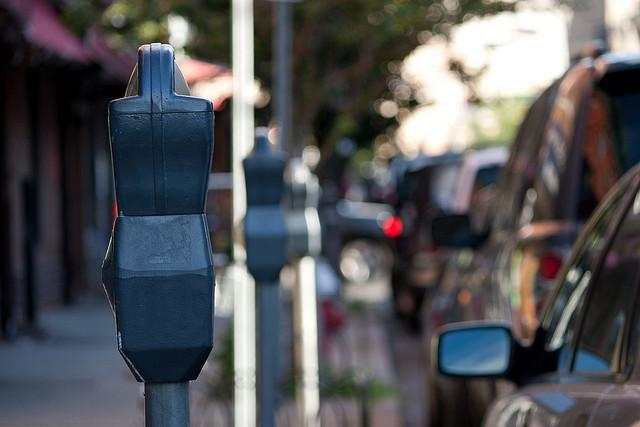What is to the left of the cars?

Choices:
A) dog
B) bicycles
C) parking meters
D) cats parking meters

■ ■ ■ ■ ■ ■ ■

Please set down the whole listing exactly, apart from the pictures.

What is to the left of the cars?

Choices:
A) dog
B) bicycles
C) parking meters
D) cats parking meters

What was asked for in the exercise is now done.